Disclaimer - Random, incoherent thoughts.. scribbled down.. might not make any sense. or they might. u never know. :-) 

 So, I saw something very closely that I was most scared of - Death. And it happened right in front of my eyes. I saw my Naani's heartbeats going down steadily and doctors doing the CPR to somehow resurrect them.. sadly, all in vain..it was a painful moment. for the entire family.
I know it is insensitive to write about such personal incidents, and I am not going to write about it. But I mentioned it since such incidents always make you introspective.
And It did make me question a few things.. 

I had planned my itinerary to every minutest detail, made very strong hopes about new developments.. and practically it all went down for a toss. everything nose-dived. But then, it all happened so fast that it is just now that I could sink it all in..
Anyways!

There is this incident that I still remember from my flight back to Calgary.. I mean I was tired and sad to be leaving with all plans and hopes going haywire.. and then I meet this chap from Calgary.. Edward.. 
This chap had been to India for Skiing in Gulmarg.. and quite to my embarrassment, he was assuring me of safety in that area. Pity! So, there was this Canadian fella 55 yrs old and I was like this chap traveled all the way to India to ski for a couple of weeks and then going back.

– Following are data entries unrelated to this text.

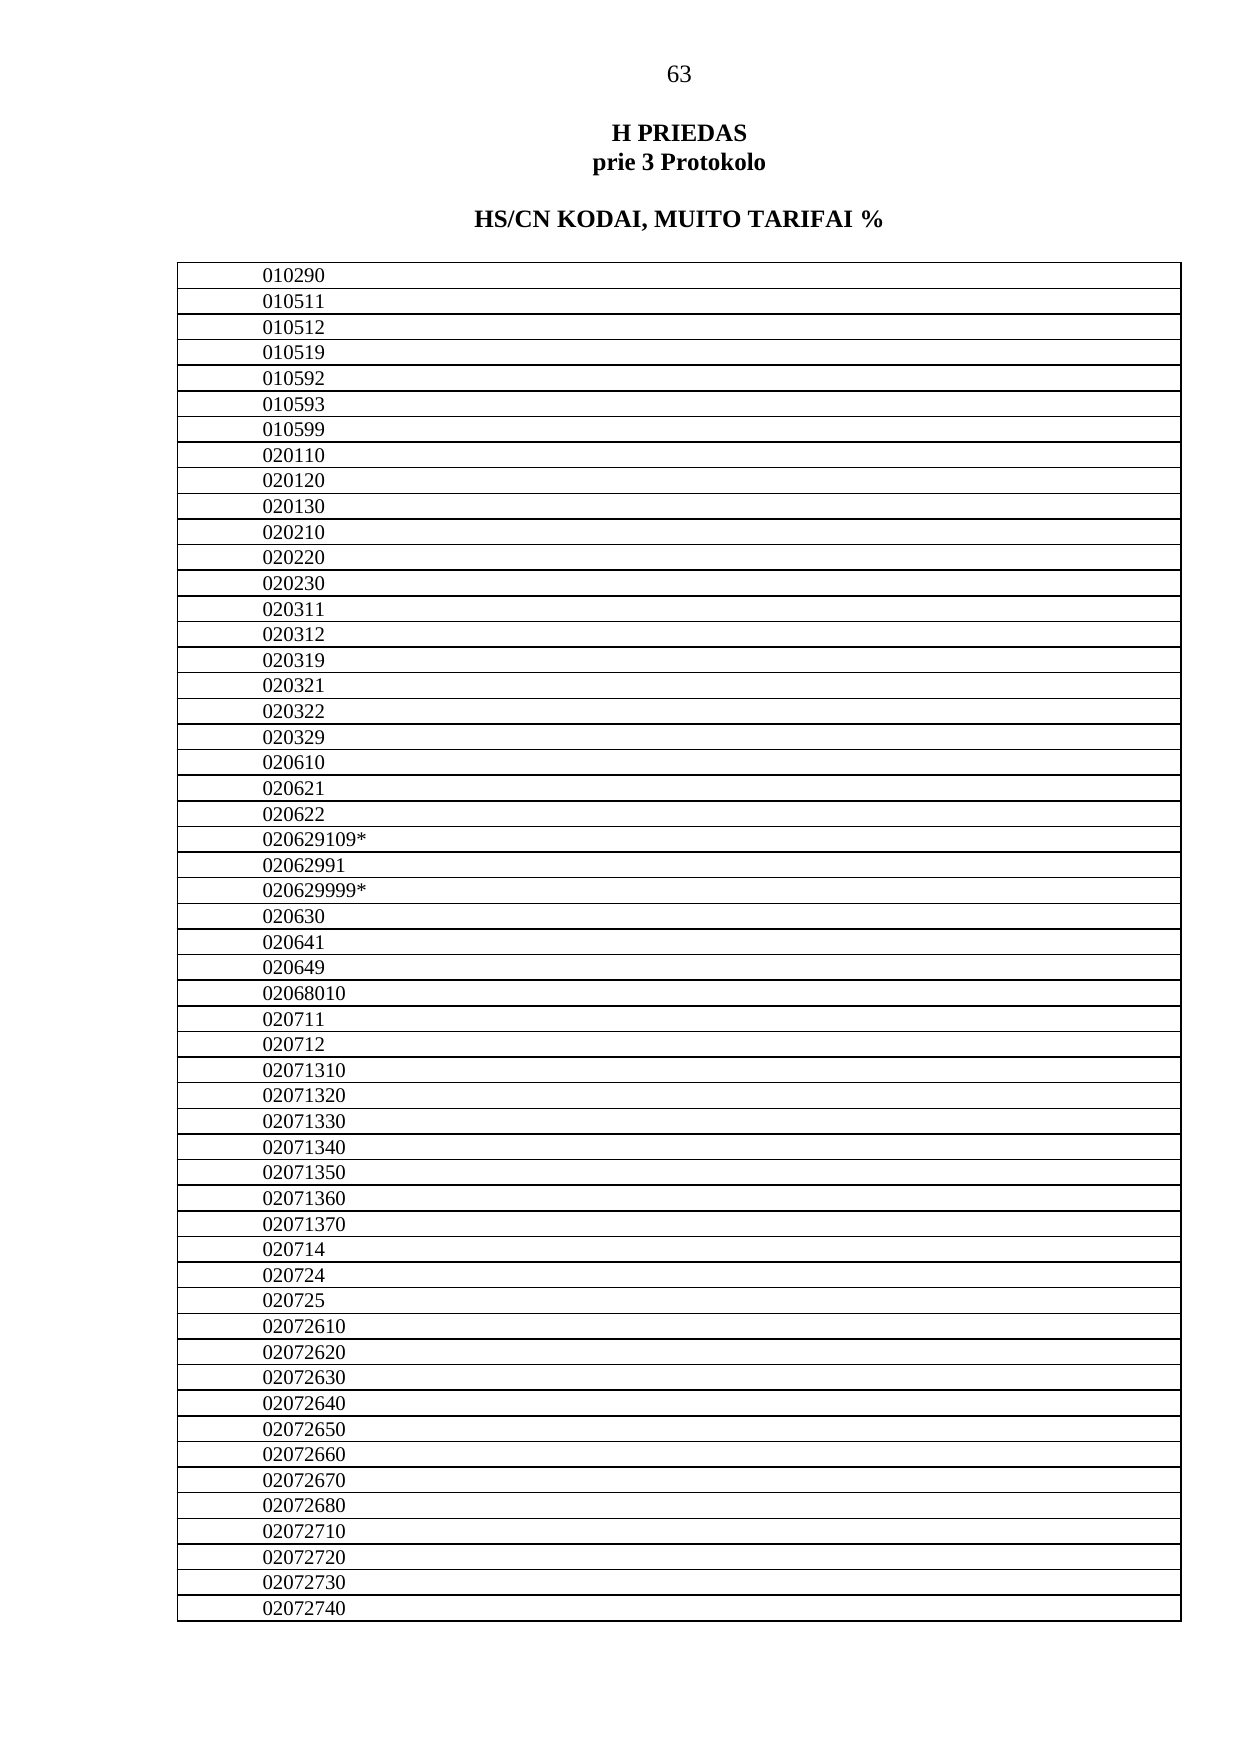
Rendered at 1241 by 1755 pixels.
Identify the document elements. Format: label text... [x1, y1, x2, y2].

table_cell 02072740 [178, 1596, 1180, 1620]
table_cell 020210 [178, 520, 1180, 544]
table_cell 02071360 [178, 1186, 1180, 1210]
table_cell 02062991 [178, 853, 1180, 877]
table_cell 02072620 [178, 1340, 1180, 1364]
table_cell 020230 [178, 571, 1180, 595]
table_cell 020629109* [178, 827, 1180, 851]
table_cell 020130 [178, 494, 1180, 518]
table_cell 020714 [178, 1237, 1180, 1261]
table_cell 020622 [178, 802, 1180, 826]
table_cell 02071340 [178, 1135, 1180, 1159]
table_cell 02071350 [178, 1160, 1180, 1184]
table_cell 020629999* [178, 878, 1180, 902]
table_cell 020711 [178, 1007, 1180, 1031]
table_cell 02071330 [178, 1109, 1180, 1133]
table_cell 020319 [178, 648, 1180, 672]
text HS/CN KODAI, MUITO TARIFAI % [177, 204, 1181, 233]
table_cell 020311 [178, 597, 1180, 621]
table_cell 010592 [178, 366, 1180, 390]
table_cell 020322 [178, 699, 1180, 723]
table_cell 020621 [178, 776, 1180, 800]
table_cell 02072670 [178, 1468, 1180, 1492]
table_cell 020120 [178, 468, 1180, 492]
table_cell 010511 [178, 289, 1180, 313]
table_cell 020110 [178, 443, 1180, 467]
table_cell 020712 [178, 1032, 1180, 1056]
table_cell 020610 [178, 750, 1180, 774]
table_cell 02072720 [178, 1545, 1180, 1569]
table_cell 02072730 [178, 1570, 1180, 1594]
table_cell 02072710 [178, 1519, 1180, 1543]
table_cell 020220 [178, 545, 1180, 569]
table_cell 020649 [178, 955, 1180, 979]
table_cell 020329 [178, 725, 1180, 749]
table_cell 020630 [178, 904, 1180, 928]
table_cell 010599 [178, 417, 1180, 441]
text H PRIEDAS [177, 118, 1181, 147]
table_cell 02072650 [178, 1417, 1180, 1441]
table_cell 020725 [178, 1288, 1180, 1312]
table_cell 02072610 [178, 1314, 1180, 1338]
table_cell 02068010 [178, 981, 1180, 1005]
table_cell 02071310 [178, 1058, 1180, 1082]
table_header 010290 [178, 263, 1180, 287]
text prie 3 Protokolo [177, 147, 1181, 176]
table_cell 020641 [178, 930, 1180, 954]
table_cell 020724 [178, 1263, 1180, 1287]
table_cell 02071320 [178, 1083, 1180, 1107]
table_cell 02072640 [178, 1391, 1180, 1415]
table_cell 02072660 [178, 1442, 1180, 1466]
table_cell 020312 [178, 622, 1180, 646]
table_cell 010519 [178, 340, 1180, 364]
table_cell 02072630 [178, 1365, 1180, 1389]
table_cell 010593 [178, 392, 1180, 416]
table_cell 02072680 [178, 1493, 1180, 1517]
table_cell 010512 [178, 315, 1180, 339]
table_cell 02071370 [178, 1212, 1180, 1236]
table_cell 020321 [178, 673, 1180, 697]

Isnt that exactly what I want when I am 55? To travel to another country and be fit enough to ski!!

The person on the other side is this Indian chap-Debasish, overly sentimental, who somehow made his way from Calcutta to Canada to be a Cook in some small Restraunt in Edmonton.. listening to "O Sathi re" in full volume on his cell-fone.. and arguing with the air-hostesses for an extra glass of Vodka.. I was quite frankly- and more so since coming from Delhi- was more interesting in talking with this chap from Gulmarg.. 

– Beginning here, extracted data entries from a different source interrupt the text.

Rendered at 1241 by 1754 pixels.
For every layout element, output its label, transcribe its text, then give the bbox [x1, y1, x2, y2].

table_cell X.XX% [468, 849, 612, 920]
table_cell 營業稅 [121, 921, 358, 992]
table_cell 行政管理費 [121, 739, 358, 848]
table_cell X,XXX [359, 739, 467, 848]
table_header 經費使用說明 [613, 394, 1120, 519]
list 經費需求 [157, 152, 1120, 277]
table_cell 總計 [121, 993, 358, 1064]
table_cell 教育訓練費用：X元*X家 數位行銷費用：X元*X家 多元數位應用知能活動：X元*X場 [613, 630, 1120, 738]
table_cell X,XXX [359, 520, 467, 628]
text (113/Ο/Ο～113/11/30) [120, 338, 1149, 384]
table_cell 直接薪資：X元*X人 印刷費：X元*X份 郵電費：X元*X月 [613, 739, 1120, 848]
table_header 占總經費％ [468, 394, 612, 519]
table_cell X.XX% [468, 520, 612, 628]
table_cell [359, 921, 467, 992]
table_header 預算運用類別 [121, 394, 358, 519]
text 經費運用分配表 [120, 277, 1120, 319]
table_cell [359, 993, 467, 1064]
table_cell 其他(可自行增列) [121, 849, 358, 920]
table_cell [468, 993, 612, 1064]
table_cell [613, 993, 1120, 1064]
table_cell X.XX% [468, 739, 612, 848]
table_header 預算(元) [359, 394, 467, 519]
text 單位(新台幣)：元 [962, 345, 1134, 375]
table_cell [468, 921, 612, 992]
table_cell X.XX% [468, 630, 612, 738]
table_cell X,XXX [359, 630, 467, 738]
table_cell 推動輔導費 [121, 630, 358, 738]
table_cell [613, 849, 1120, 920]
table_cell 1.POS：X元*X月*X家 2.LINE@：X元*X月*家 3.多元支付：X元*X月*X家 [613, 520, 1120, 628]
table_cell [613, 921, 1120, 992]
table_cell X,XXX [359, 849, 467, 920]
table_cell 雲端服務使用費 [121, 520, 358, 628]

and then Debasish brings out a small note from his 2 daughters.. about how they miss their father..the personal incidents.. (and that letter was one of the most beautiful things I read ever)
and that letter made me change sides. I chose Deb.. and then he talks about how he misses his family.. and so on.. (U know the typical Indian senti talk! :) )  
(Oh well that chap from Canada did argue a bit about how can one love the same person for more than 10-15 yrs. and I am not stereotyping here or making it up but then, he saw that letter and gave up his arguments.. )

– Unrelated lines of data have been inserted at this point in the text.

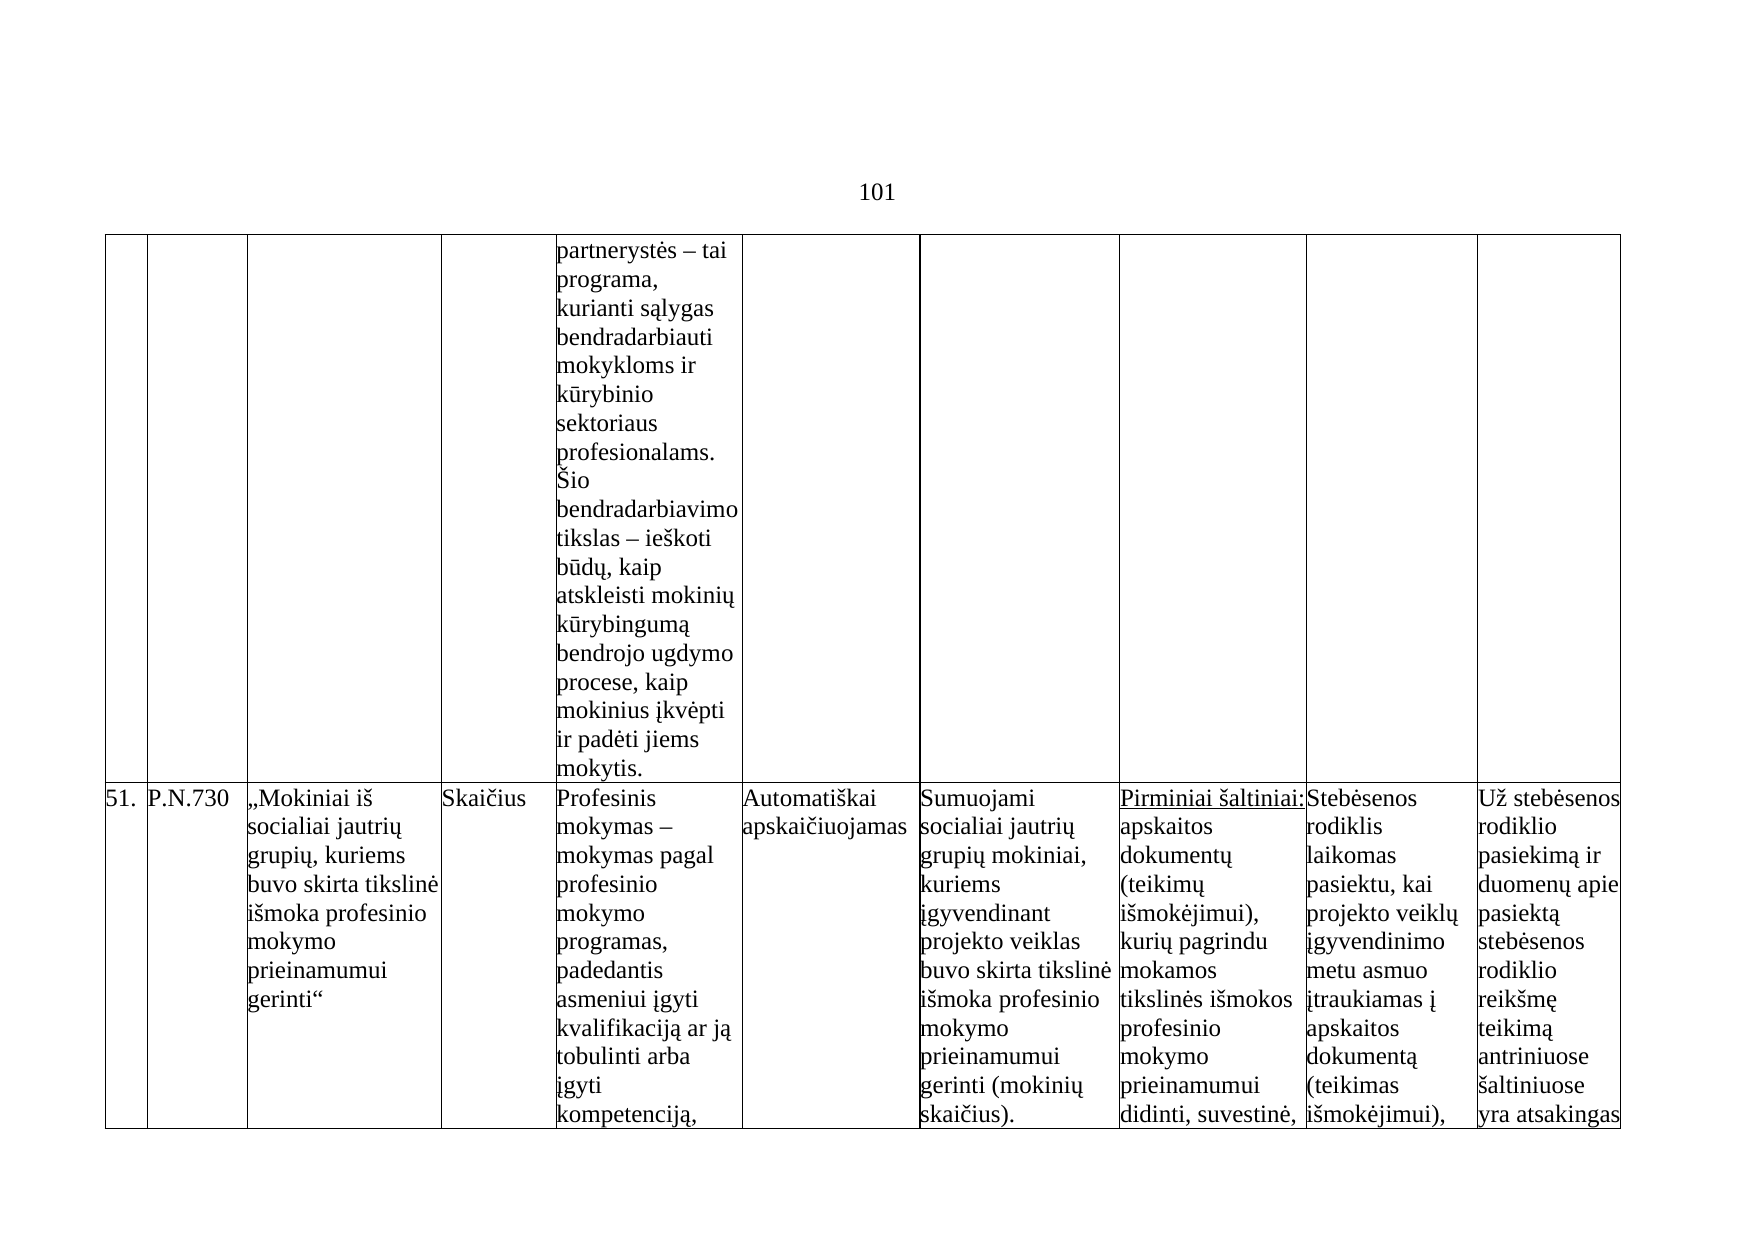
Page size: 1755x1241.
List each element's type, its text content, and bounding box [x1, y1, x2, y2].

table_cell Už stebėsenos rodiklio pasiekimą ir duomenų apie pasiektą stebėsenos rodiklio reikšmę teikimą antriniuose šaltiniuose yra atsakingas [1478, 783, 1620, 1128]
table_cell Sumuojami socialiai jautrių grupių mokiniai, kuriems įgyvendinant projekto veiklas buvo skirta tikslinė išmoka profesinio mokymo prieinamumui gerinti (mokinių skaičius). [921, 783, 1119, 1128]
table_cell [248, 235, 441, 782]
table_cell Profesinis mokymas – mokymas pagal profesinio mokymo programas, padedantis asmeniui įgyti kvalifikaciją ar ją tobulinti arba įgyti kompetenciją, [557, 783, 742, 1128]
table_cell [1307, 235, 1477, 782]
table_cell [442, 235, 556, 782]
table_cell [106, 235, 147, 782]
table_cell P.N.730 [148, 783, 247, 1128]
table_cell Skaičius [442, 783, 556, 1128]
table_cell [921, 235, 1119, 782]
table_cell 51. [106, 783, 147, 1128]
table_cell [1478, 235, 1620, 782]
table_cell [743, 235, 919, 782]
table_cell Pirminiai šaltiniai: apskaitos dokumentų (teikimų išmokėjimui), kurių pagrindu mokamos tikslinės išmokos profesinio mokymo prieinamumui didinti, suvestinė, [1120, 783, 1306, 1128]
table_cell [1120, 235, 1306, 782]
table_cell Stebėsenos rodiklis laikomas pasiektu, kai projekto veiklų įgyvendinimo metu asmuo įtraukiamas į apskaitos dokumentą (teikimas išmokėjimui), [1307, 783, 1477, 1128]
table_cell „Mokiniai iš socialiai jautrių grupių, kuriems buvo skirta tikslinė išmoka profesinio mokymo prieinamumui gerinti“ [248, 783, 441, 1128]
table_cell partnerystės – tai programa, kurianti sąlygas bendradarbiauti mokykloms ir kūrybinio sektoriaus profesionalams. Šio bendradarbiavimo tikslas – ieškoti būdų, kaip atskleisti mokinių kūrybingumą bendrojo ugdymo procese, kaip mokinius įkvėpti ir padėti jiems mokytis. [557, 235, 742, 782]
table_cell [148, 235, 247, 782]
table_cell Automatiškai apskaičiuojamas [743, 783, 919, 1128]

and I thought to myself again, "isn't this what I want to be when I am 55!"  To have a wife who wont eat properly until she knows I reached safely.. Children who hide letters in my wallet and then tell me about it when I am just about to board the flight!! 

and well. to add a little more sugar to this overly-sweet. hyper-romantic post, let me end this with something my Canadian colleague's 7 yr old son told her and she posted it on FB -
"Happiness is not something fun that you do, or places you go... it's an inside feeling."